Instant Analysis of Oral Arguments in Briscoe v. Virginia. What does Sotomayor’s Aggressive Questioning Portend?

January 11th, 2010

Today, SCOTUS heard arguments in Briscoe v. Virginia. Transcript available here.

This case may potentially reverse Melendez-Diaz. Everyone is focused on the vote of Justice Sotomayor, as Justice Souter cast the 5th vote to join Justice Scalia’s Motley Crew supporting his vision of the confrontation clause (Scalia, Thomas, Stevens, Souter, and Ginsburg) while Kennedy, joined by Roberts, Alito, and Breyer, dissented.

Anyway, of note, is that right out of the box, Justice Sotomayor asked the first several questions, specifically testing the outer-bounds of Melendez-Diaz.

Mr.

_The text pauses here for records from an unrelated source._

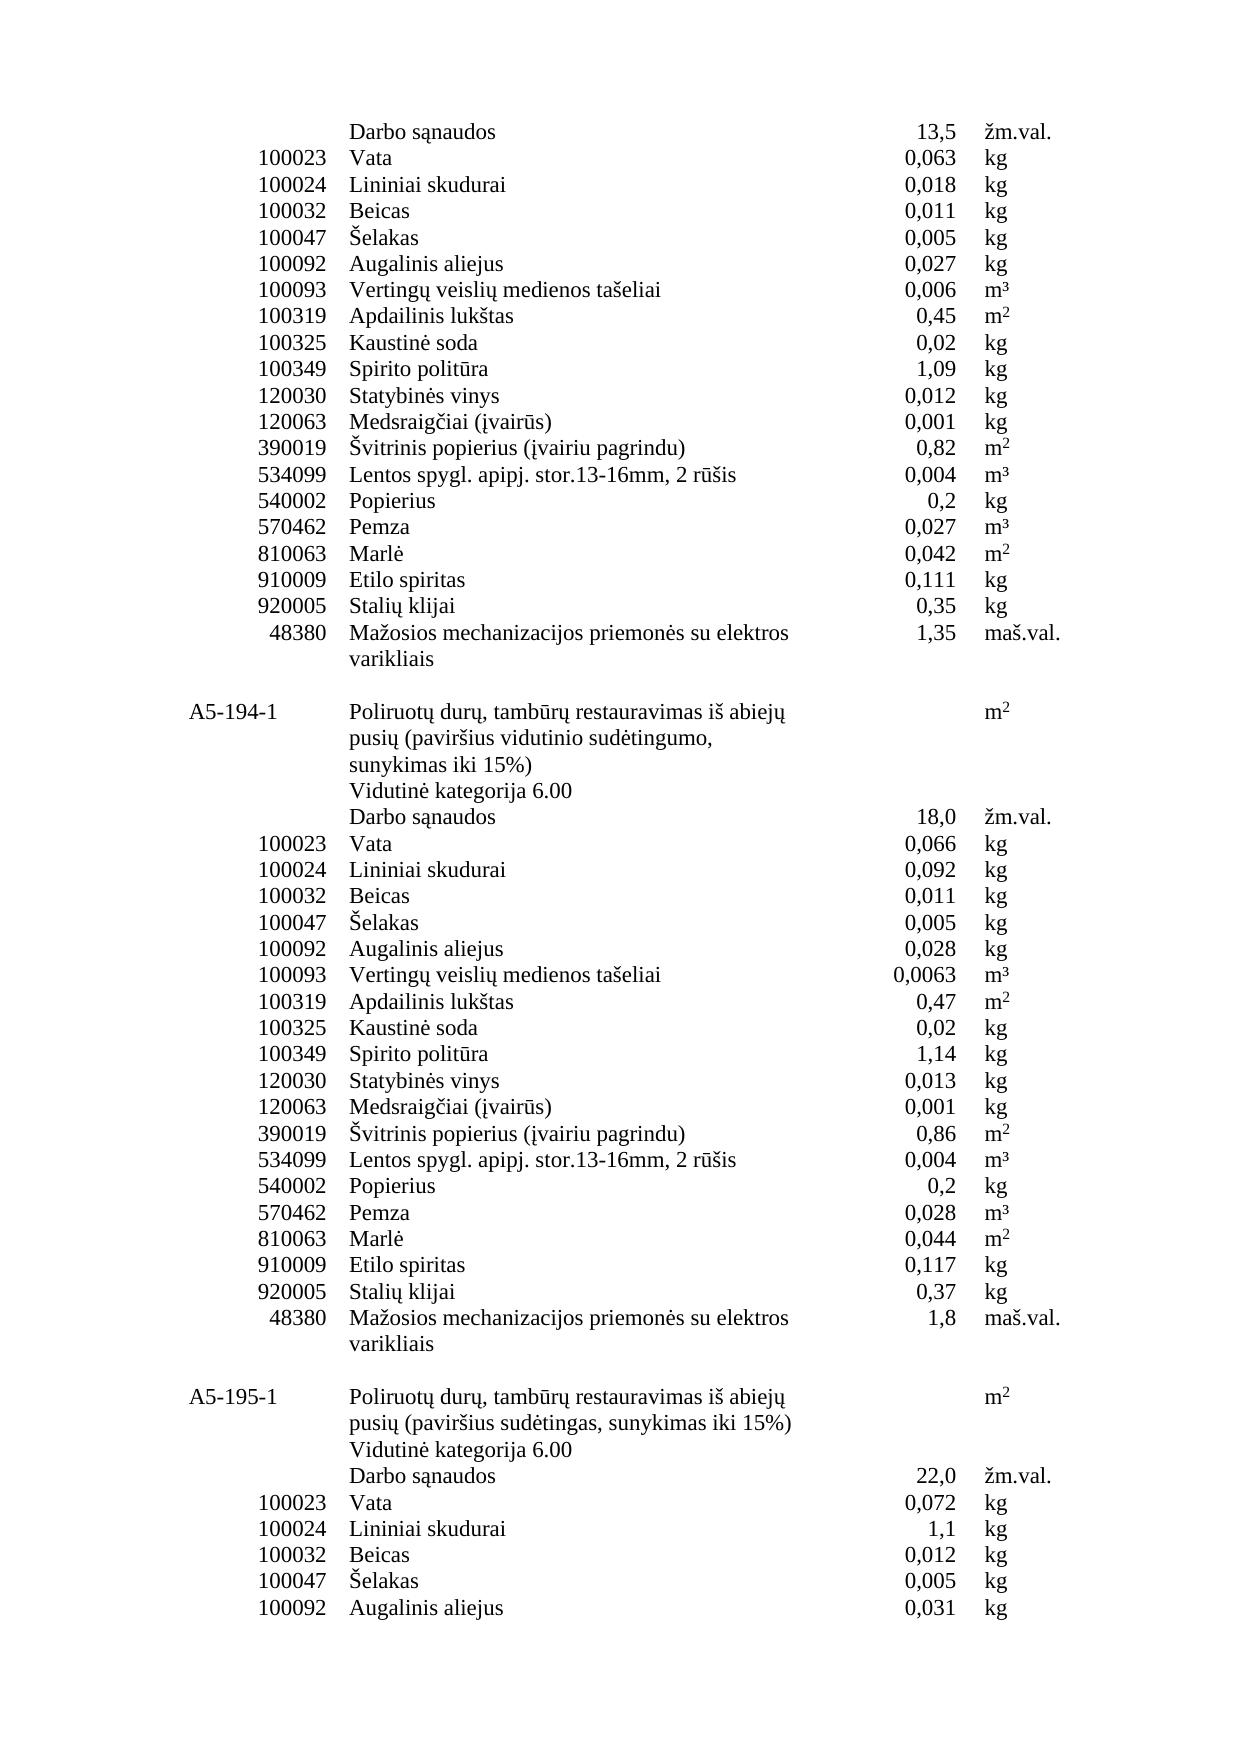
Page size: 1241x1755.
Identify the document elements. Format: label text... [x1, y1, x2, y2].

table_cell m2 [973, 698, 1123, 777]
table_cell kg [973, 1014, 1123, 1041]
table_cell 0,2 [806, 487, 973, 513]
table_cell 0,111 [806, 566, 973, 592]
table_cell 100047 [177, 909, 338, 935]
table_cell 100032 [177, 197, 338, 223]
table_cell 0,013 [806, 1067, 973, 1093]
table_cell 100319 [177, 988, 338, 1014]
table_cell [806, 1436, 973, 1462]
table_cell 0,044 [806, 1225, 973, 1251]
table_cell Marlė [338, 1225, 806, 1251]
table_cell 120063 [177, 408, 338, 434]
table_cell Poliruotų durų, tambūrų restauravimas iš abiejų pusių (paviršius vidutinio sudėtingumo, sunykimas iki 15%) [338, 698, 806, 777]
table_cell [338, 1357, 806, 1383]
table_cell 0,012 [806, 1541, 973, 1568]
table_cell m2 [973, 1120, 1123, 1146]
table_cell m2 [973, 1383, 1123, 1436]
table_cell 570462 [177, 514, 338, 540]
table_cell Lininiai skudurai [338, 171, 806, 197]
table_cell m2 [973, 540, 1123, 566]
table_cell A5-194-1 [177, 698, 338, 777]
table_cell 0,0063 [806, 961, 973, 988]
table_cell 0,82 [806, 434, 973, 461]
table_cell Šelakas [338, 909, 806, 935]
table_cell m³ [973, 461, 1123, 487]
table_cell Augalinis aliejus [338, 1594, 806, 1620]
table_cell Vidutinė kategorija 6.00 [338, 1436, 806, 1462]
table_cell 100092 [177, 1594, 338, 1620]
table_cell 0,117 [806, 1251, 973, 1278]
table_cell kg [973, 1594, 1123, 1620]
table_cell 0,45 [806, 303, 973, 329]
table_cell Stalių klijai [338, 593, 806, 619]
table_cell žm.val. [973, 803, 1123, 830]
table_cell 100349 [177, 355, 338, 382]
table_cell 48380 [177, 619, 338, 672]
table_cell 390019 [177, 434, 338, 461]
table_cell kg [973, 1093, 1123, 1119]
table_cell 100349 [177, 1041, 338, 1067]
table_cell Pemza [338, 514, 806, 540]
table_cell Stalių klijai [338, 1278, 806, 1304]
table_cell 0,027 [806, 514, 973, 540]
table_cell kg [973, 909, 1123, 935]
table_cell Augalinis aliejus [338, 250, 806, 276]
table_cell [177, 1462, 338, 1488]
table_cell [973, 672, 1123, 698]
table_cell Augalinis aliejus [338, 935, 806, 961]
table_cell 100047 [177, 1568, 338, 1594]
table_cell Vata [338, 830, 806, 856]
table_cell [806, 1383, 973, 1436]
table_cell 0,005 [806, 909, 973, 935]
table_cell kg [973, 1541, 1123, 1568]
table_cell Spirito politūra [338, 1041, 806, 1067]
table_cell 0,35 [806, 593, 973, 619]
table_cell 540002 [177, 487, 338, 513]
table_cell m³ [973, 1199, 1123, 1225]
table_cell 0,011 [806, 197, 973, 223]
table_cell kg [973, 1568, 1123, 1594]
table_cell Šelakas [338, 224, 806, 250]
table_cell m³ [973, 961, 1123, 988]
table_cell Popierius [338, 1172, 806, 1199]
table_cell 100023 [177, 1489, 338, 1515]
table_cell 0,005 [806, 1568, 973, 1594]
table_cell 0,063 [806, 145, 973, 171]
table_cell kg [973, 250, 1123, 276]
table_cell žm.val. [973, 1462, 1123, 1488]
table_cell Popierius [338, 487, 806, 513]
table_cell 100024 [177, 171, 338, 197]
table_cell Beicas [338, 197, 806, 223]
table_cell Vertingų veislių medienos tašeliai [338, 961, 806, 988]
table_cell 534099 [177, 461, 338, 487]
table_cell 570462 [177, 1199, 338, 1225]
table_cell Statybinės vinys [338, 382, 806, 408]
table_cell Darbo sąnaudos [338, 1462, 806, 1488]
table_cell Medsraigčiai (įvairūs) [338, 1093, 806, 1119]
table_cell Kaustinė soda [338, 329, 806, 355]
table_cell Kaustinė soda [338, 1014, 806, 1041]
table_cell 120030 [177, 1067, 338, 1093]
table_cell [338, 672, 806, 698]
table_cell kg [973, 830, 1123, 856]
table_cell 0,005 [806, 224, 973, 250]
table_cell 13,5 [806, 118, 973, 144]
table_cell maš.val. [973, 619, 1123, 672]
table_cell kg [973, 355, 1123, 382]
table_cell m2 [973, 988, 1123, 1014]
table_cell 0,028 [806, 1199, 973, 1225]
table_cell [177, 118, 338, 144]
table_cell 0,001 [806, 1093, 973, 1119]
table_cell 0,027 [806, 250, 973, 276]
table_cell Medsraigčiai (įvairūs) [338, 408, 806, 434]
table_cell 100093 [177, 961, 338, 988]
table_cell Lininiai skudurai [338, 1515, 806, 1541]
table_cell kg [973, 224, 1123, 250]
table_cell [177, 777, 338, 803]
table_cell [973, 1436, 1123, 1462]
table_cell kg [973, 197, 1123, 223]
table_cell 0,86 [806, 1120, 973, 1146]
table_cell m2 [973, 1225, 1123, 1251]
table_cell 0,018 [806, 171, 973, 197]
table_cell 100325 [177, 1014, 338, 1041]
table_cell 0,004 [806, 1146, 973, 1172]
table_cell Mažosios mechanizacijos priemonės su elektros varikliais [338, 619, 806, 672]
table_cell žm.val. [973, 118, 1123, 144]
table_cell kg [973, 566, 1123, 592]
table_cell 100023 [177, 830, 338, 856]
table_cell Darbo sąnaudos [338, 118, 806, 144]
table_cell 0,2 [806, 1172, 973, 1199]
table_cell 1,14 [806, 1041, 973, 1067]
table_cell 0,031 [806, 1594, 973, 1620]
table_cell Etilo spiritas [338, 1251, 806, 1278]
table_cell kg [973, 382, 1123, 408]
table_cell kg [973, 1251, 1123, 1278]
table_cell Lininiai skudurai [338, 856, 806, 882]
table_cell [806, 672, 973, 698]
table_cell [177, 803, 338, 830]
table_cell 100032 [177, 1541, 338, 1568]
table_cell Apdailinis lukštas [338, 303, 806, 329]
table_cell 1,1 [806, 1515, 973, 1541]
table_cell [973, 1357, 1123, 1383]
table_cell 100023 [177, 145, 338, 171]
table_cell m³ [973, 514, 1123, 540]
table_cell 1,8 [806, 1304, 973, 1357]
table_cell 0,02 [806, 329, 973, 355]
table_cell A5-195-1 [177, 1383, 338, 1436]
table_cell 390019 [177, 1120, 338, 1146]
table_cell kg [973, 1041, 1123, 1067]
table_cell kg [973, 856, 1123, 882]
table_cell 100325 [177, 329, 338, 355]
table_cell [806, 1357, 973, 1383]
table_cell 0,092 [806, 856, 973, 882]
table_cell 0,006 [806, 276, 973, 303]
table_cell maš.val. [973, 1304, 1123, 1357]
table_cell Mažosios mechanizacijos priemonės su elektros varikliais [338, 1304, 806, 1357]
table_cell 810063 [177, 1225, 338, 1251]
table_cell 100024 [177, 1515, 338, 1541]
table_cell Vidutinė kategorija 6.00 [338, 777, 806, 803]
table_cell 22,0 [806, 1462, 973, 1488]
table_cell 1,09 [806, 355, 973, 382]
table_cell 0,012 [806, 382, 973, 408]
table_cell [973, 777, 1123, 803]
table_cell Švitrinis popierius (įvairiu pagrindu) [338, 1120, 806, 1146]
table_cell 0,042 [806, 540, 973, 566]
table_cell Marlė [338, 540, 806, 566]
table_cell kg [973, 171, 1123, 197]
table_cell kg [973, 145, 1123, 171]
table_cell 100024 [177, 856, 338, 882]
table_cell kg [973, 329, 1123, 355]
table_cell 0,011 [806, 883, 973, 909]
table_cell kg [973, 1278, 1123, 1304]
table_cell 0,37 [806, 1278, 973, 1304]
table_cell m2 [973, 303, 1123, 329]
table_cell [177, 1357, 338, 1383]
table_cell Vata [338, 145, 806, 171]
table_cell Apdailinis lukštas [338, 988, 806, 1014]
table_cell Darbo sąnaudos [338, 803, 806, 830]
table_cell [806, 777, 973, 803]
table_cell Poliruotų durų, tambūrų restauravimas iš abiejų pusių (paviršius sudėtingas, sunykimas iki 15%) [338, 1383, 806, 1436]
table_cell 100093 [177, 276, 338, 303]
table_cell 100092 [177, 250, 338, 276]
table_cell 0,028 [806, 935, 973, 961]
table_cell 0,004 [806, 461, 973, 487]
table_cell 100047 [177, 224, 338, 250]
table_cell 540002 [177, 1172, 338, 1199]
table_cell Pemza [338, 1199, 806, 1225]
table_cell kg [973, 1489, 1123, 1515]
table_cell 0,066 [806, 830, 973, 856]
table_cell Etilo spiritas [338, 566, 806, 592]
table_cell 0,02 [806, 1014, 973, 1041]
table_cell Statybinės vinys [338, 1067, 806, 1093]
table_cell m³ [973, 1146, 1123, 1172]
table_cell Lentos spygl. apipj. stor.13-16mm, 2 rūšis [338, 1146, 806, 1172]
table_cell kg [973, 1515, 1123, 1541]
table_cell 100092 [177, 935, 338, 961]
table_cell 910009 [177, 1251, 338, 1278]
table_cell 910009 [177, 566, 338, 592]
table_cell kg [973, 1172, 1123, 1199]
table_cell Lentos spygl. apipj. stor.13-16mm, 2 rūšis [338, 461, 806, 487]
table_cell 120063 [177, 1093, 338, 1119]
table_cell kg [973, 1067, 1123, 1093]
table_cell 534099 [177, 1146, 338, 1172]
table_cell Beicas [338, 883, 806, 909]
table_cell 100032 [177, 883, 338, 909]
table_cell Švitrinis popierius (įvairiu pagrindu) [338, 434, 806, 461]
table_cell Beicas [338, 1541, 806, 1568]
table_cell Spirito politūra [338, 355, 806, 382]
table_cell [177, 1436, 338, 1462]
table_cell [177, 672, 338, 698]
table_cell 920005 [177, 593, 338, 619]
table_cell Vertingų veislių medienos tašeliai [338, 276, 806, 303]
table_cell 0,001 [806, 408, 973, 434]
table_cell 0,47 [806, 988, 973, 1014]
table_cell kg [973, 487, 1123, 513]
table_cell m2 [973, 434, 1123, 461]
table_cell [806, 698, 973, 777]
table_cell 48380 [177, 1304, 338, 1357]
table_cell Vata [338, 1489, 806, 1515]
table_cell kg [973, 935, 1123, 961]
table_cell kg [973, 883, 1123, 909]
table_cell 920005 [177, 1278, 338, 1304]
table_cell 0,072 [806, 1489, 973, 1515]
table_cell kg [973, 593, 1123, 619]
table_cell 810063 [177, 540, 338, 566]
table_cell 18,0 [806, 803, 973, 830]
table_cell m³ [973, 276, 1123, 303]
table_cell 1,35 [806, 619, 973, 672]
table_cell kg [973, 408, 1123, 434]
table_cell 100319 [177, 303, 338, 329]
table_cell 120030 [177, 382, 338, 408]
table_cell Šelakas [338, 1568, 806, 1594]

Friedman:  If the Court were to reverse Melendez-Diaz and hold that a State may impose on the defendant the burden of calling a prosecution witness to the stand, it would severely impair the confrontation right and threaten a fundamental transformation in the way Anglo-American trials have been conducted for hundreds of years.

JUSTICE SOTOMAYOR: The State court has interpreted their provision to give the defendant the choice of subpoenaing the witness or asking the State to bring in the witness. Why is that overruling Melendez-Diaz?

MR. FRIEDMAN: Your Honor, the — the State courts, since the time of this case, since the time that these cases were tried, raised the possibility of asking the — that the defendant could ask the witness to bring — that the defendant could ask the prosecution to bring in the witness. It doesn’t really change anything from a straight subpoena statute in any — in either event.

Sotomayor continued grilling Friedman until Justice Scalia, the author of Melendez-Diaz,  jumped in on page 7 of the transcript. As well, she hit the Respondent with the first several questions.

Sotomayor seemed most interested in the Constitutional implications of Melendez-Diaz, rather than the policy arguments, Kennedy focused on in his dissent in Melendez. Tough call which way this will turn out. It is possible she is questioning the validity of extending Scalia’s majority. It is also possible she doubts Scalia’s view, and is trying to poke holes. We shall see.